▶ **Your goal**: Wherever the string "high" occurs in a line of these records, report that line.

▶ **Dataset records**:
- - -

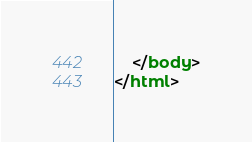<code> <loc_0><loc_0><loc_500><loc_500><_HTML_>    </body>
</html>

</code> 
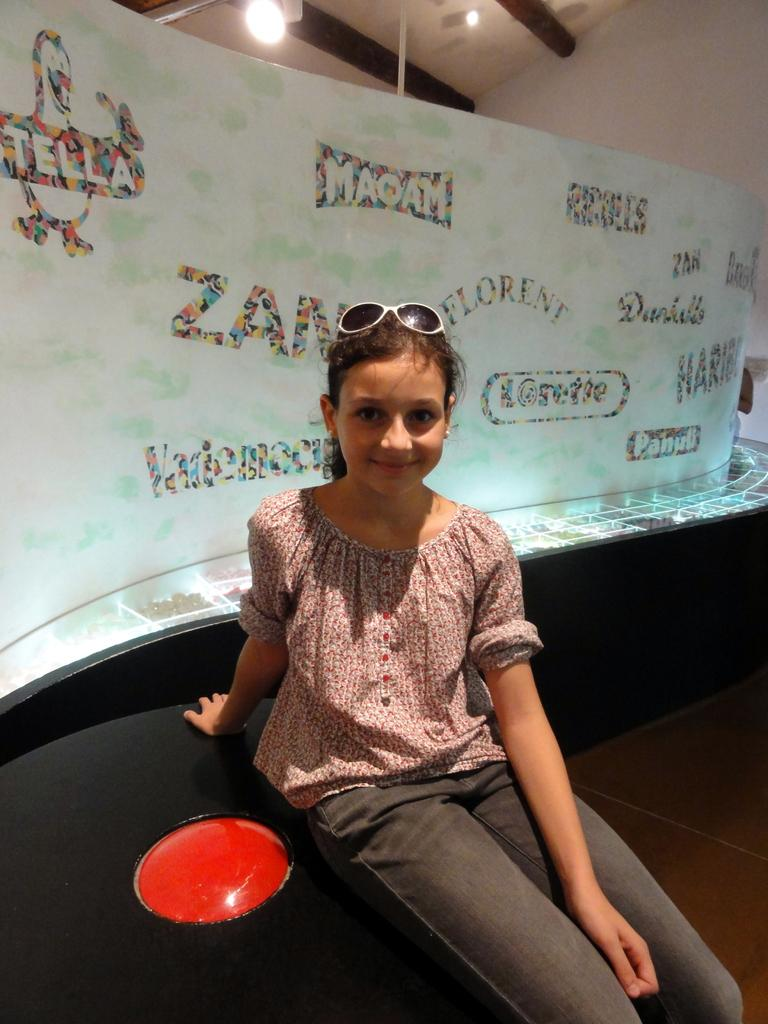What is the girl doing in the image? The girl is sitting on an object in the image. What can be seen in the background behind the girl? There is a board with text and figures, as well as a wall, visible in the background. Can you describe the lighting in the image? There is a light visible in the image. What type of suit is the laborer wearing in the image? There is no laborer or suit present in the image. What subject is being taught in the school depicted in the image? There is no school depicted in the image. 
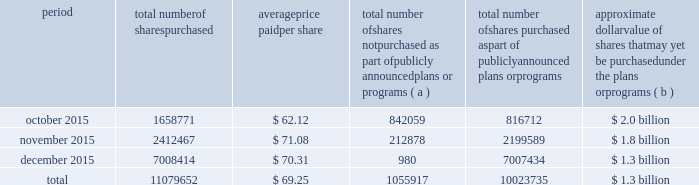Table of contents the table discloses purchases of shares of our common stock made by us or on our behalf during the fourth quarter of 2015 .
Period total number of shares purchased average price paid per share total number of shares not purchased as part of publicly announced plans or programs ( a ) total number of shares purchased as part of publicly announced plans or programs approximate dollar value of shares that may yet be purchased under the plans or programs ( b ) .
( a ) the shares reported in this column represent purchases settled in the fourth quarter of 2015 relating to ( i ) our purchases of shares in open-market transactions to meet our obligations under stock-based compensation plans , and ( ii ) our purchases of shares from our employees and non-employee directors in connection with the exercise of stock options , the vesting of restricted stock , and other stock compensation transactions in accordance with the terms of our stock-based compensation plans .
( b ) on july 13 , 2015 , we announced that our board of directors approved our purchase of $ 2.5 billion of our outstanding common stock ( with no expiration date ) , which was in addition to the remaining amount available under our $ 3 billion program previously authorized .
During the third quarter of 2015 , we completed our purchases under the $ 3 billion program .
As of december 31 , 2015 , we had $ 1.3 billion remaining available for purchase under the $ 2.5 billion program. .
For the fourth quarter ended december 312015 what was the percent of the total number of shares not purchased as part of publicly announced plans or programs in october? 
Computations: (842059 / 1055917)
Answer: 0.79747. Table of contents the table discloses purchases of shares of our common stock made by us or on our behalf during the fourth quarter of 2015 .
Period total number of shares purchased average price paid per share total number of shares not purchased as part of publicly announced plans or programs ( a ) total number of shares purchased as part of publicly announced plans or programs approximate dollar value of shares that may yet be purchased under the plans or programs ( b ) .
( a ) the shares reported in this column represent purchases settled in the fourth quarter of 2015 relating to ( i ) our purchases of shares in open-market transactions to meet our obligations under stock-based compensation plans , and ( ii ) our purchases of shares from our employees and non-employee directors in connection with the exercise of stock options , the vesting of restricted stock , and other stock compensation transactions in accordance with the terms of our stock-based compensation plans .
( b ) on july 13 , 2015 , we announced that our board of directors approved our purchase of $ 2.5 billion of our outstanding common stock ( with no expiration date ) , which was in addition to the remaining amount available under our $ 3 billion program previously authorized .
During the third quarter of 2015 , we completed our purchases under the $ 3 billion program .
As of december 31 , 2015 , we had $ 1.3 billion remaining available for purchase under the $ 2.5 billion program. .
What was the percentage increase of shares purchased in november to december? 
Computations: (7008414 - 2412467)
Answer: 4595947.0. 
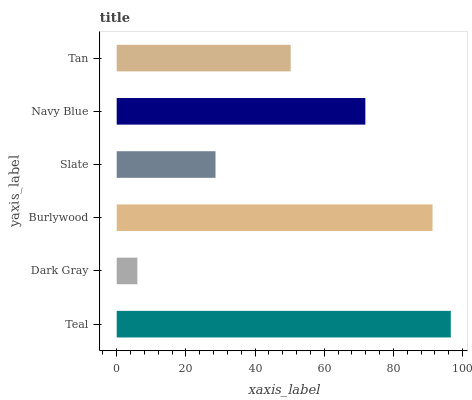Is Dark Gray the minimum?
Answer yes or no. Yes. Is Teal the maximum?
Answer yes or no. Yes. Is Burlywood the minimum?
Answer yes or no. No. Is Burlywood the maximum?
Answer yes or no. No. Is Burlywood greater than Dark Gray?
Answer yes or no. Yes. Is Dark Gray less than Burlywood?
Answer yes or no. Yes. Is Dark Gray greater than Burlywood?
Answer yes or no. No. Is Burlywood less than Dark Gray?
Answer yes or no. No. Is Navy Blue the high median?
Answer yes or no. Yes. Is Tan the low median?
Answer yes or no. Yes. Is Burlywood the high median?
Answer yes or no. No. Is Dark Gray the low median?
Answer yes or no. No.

- - -

▶ **Answer for the task**:
Answer yes or no. No. Is Navy Blue the high median?
Answer yes or no. Yes. Is Burlywood the high median?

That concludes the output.